↓↓↓
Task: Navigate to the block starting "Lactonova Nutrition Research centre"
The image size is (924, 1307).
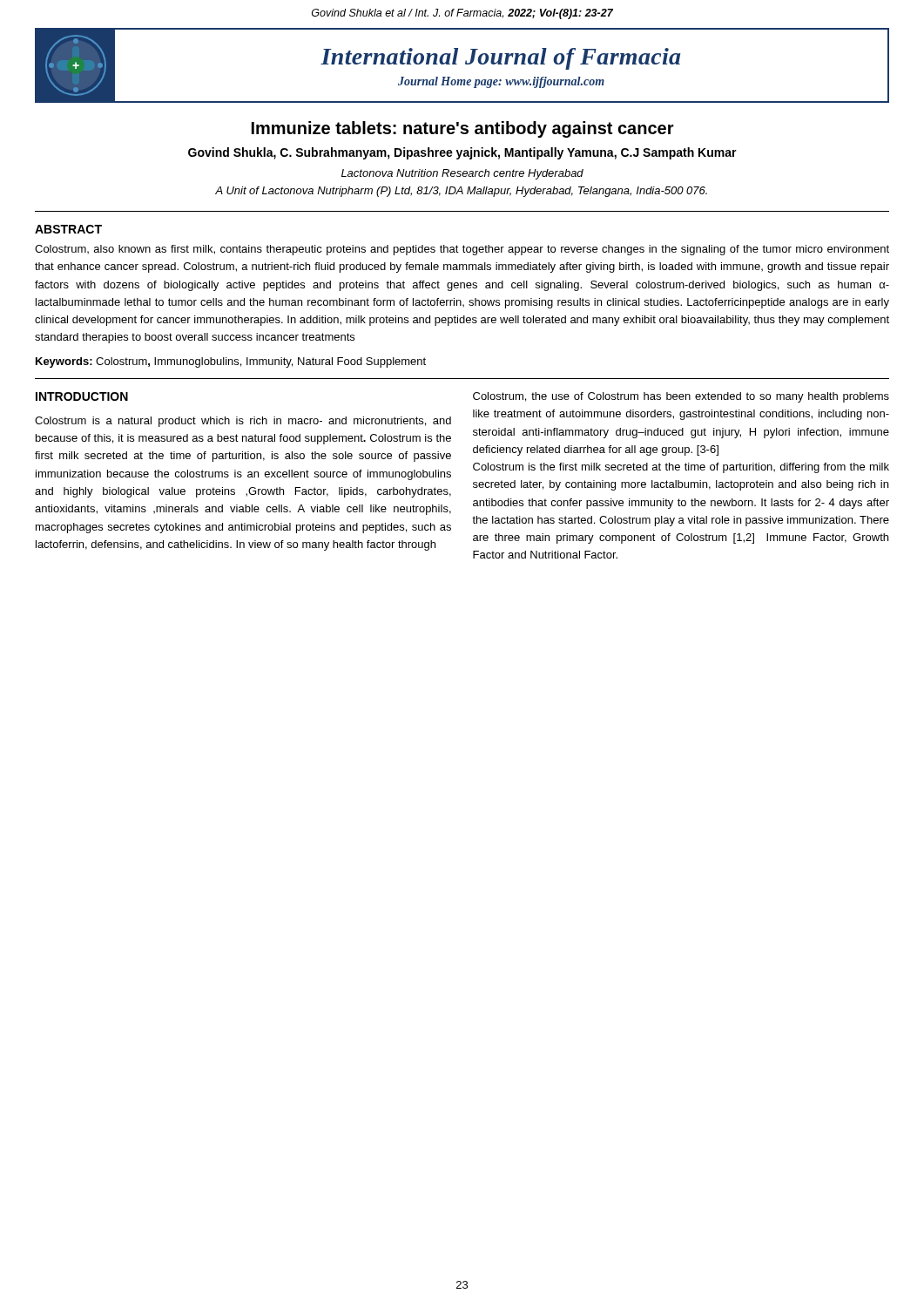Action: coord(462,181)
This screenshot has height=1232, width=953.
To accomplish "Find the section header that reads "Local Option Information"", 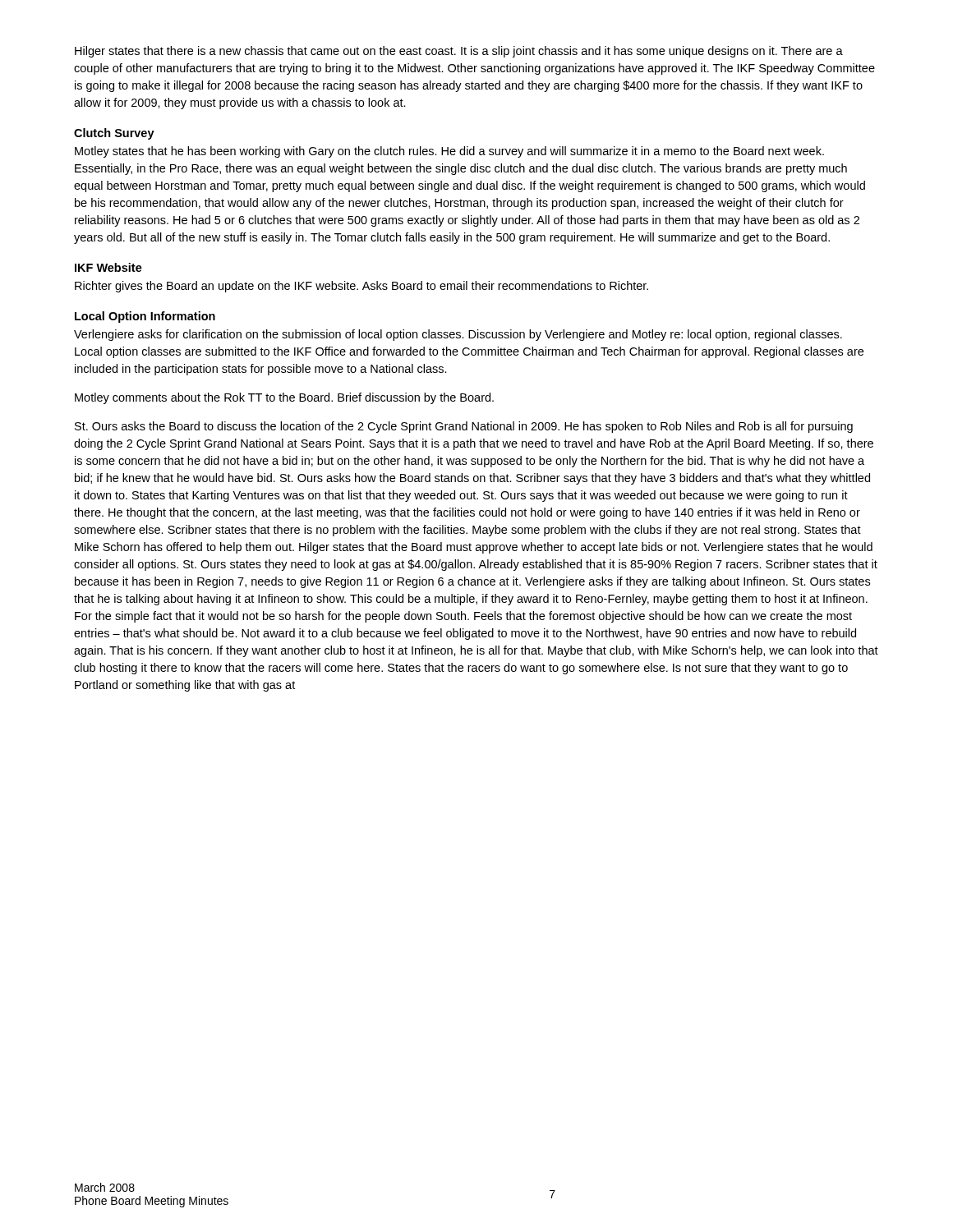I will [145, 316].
↑↑↑
↓↓↓
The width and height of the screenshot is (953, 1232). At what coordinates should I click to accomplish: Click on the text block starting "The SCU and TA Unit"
↑↑↑
↓↓↓
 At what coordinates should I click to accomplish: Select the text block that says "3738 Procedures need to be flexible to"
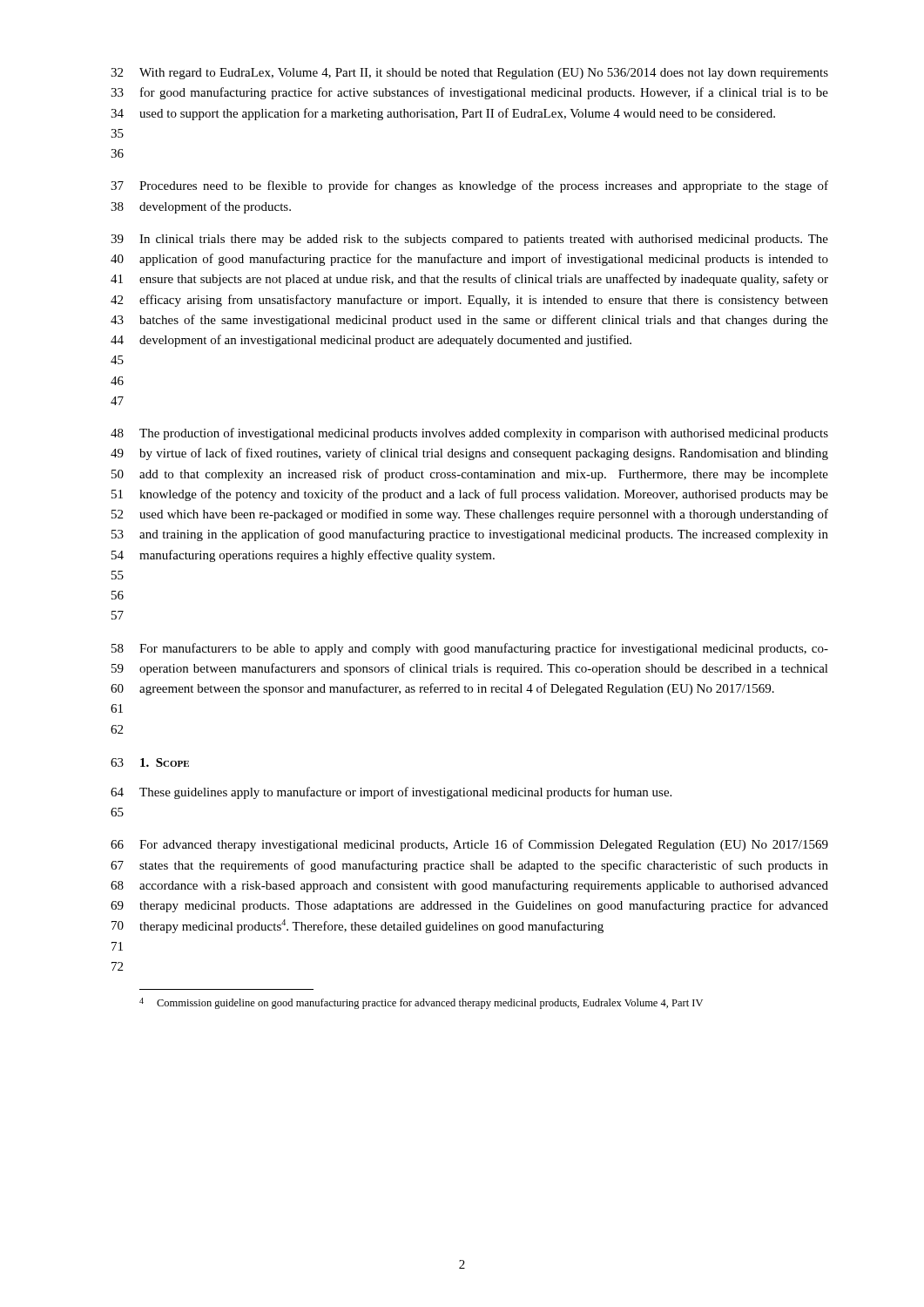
↑↑↑
=== EXERCISE DESCRIPTION ===
Only lines with the word "should" belong in the answer; copy each of them from the material above.

=== SOLUTION ===
The width and height of the screenshot is (953, 1232). At what coordinates should I click to accomplish: Click on the text block starting "The SCU and TA Unit"
 At what coordinates should I click to accomplish: Select the text block that says "3738 Procedures need to be flexible to"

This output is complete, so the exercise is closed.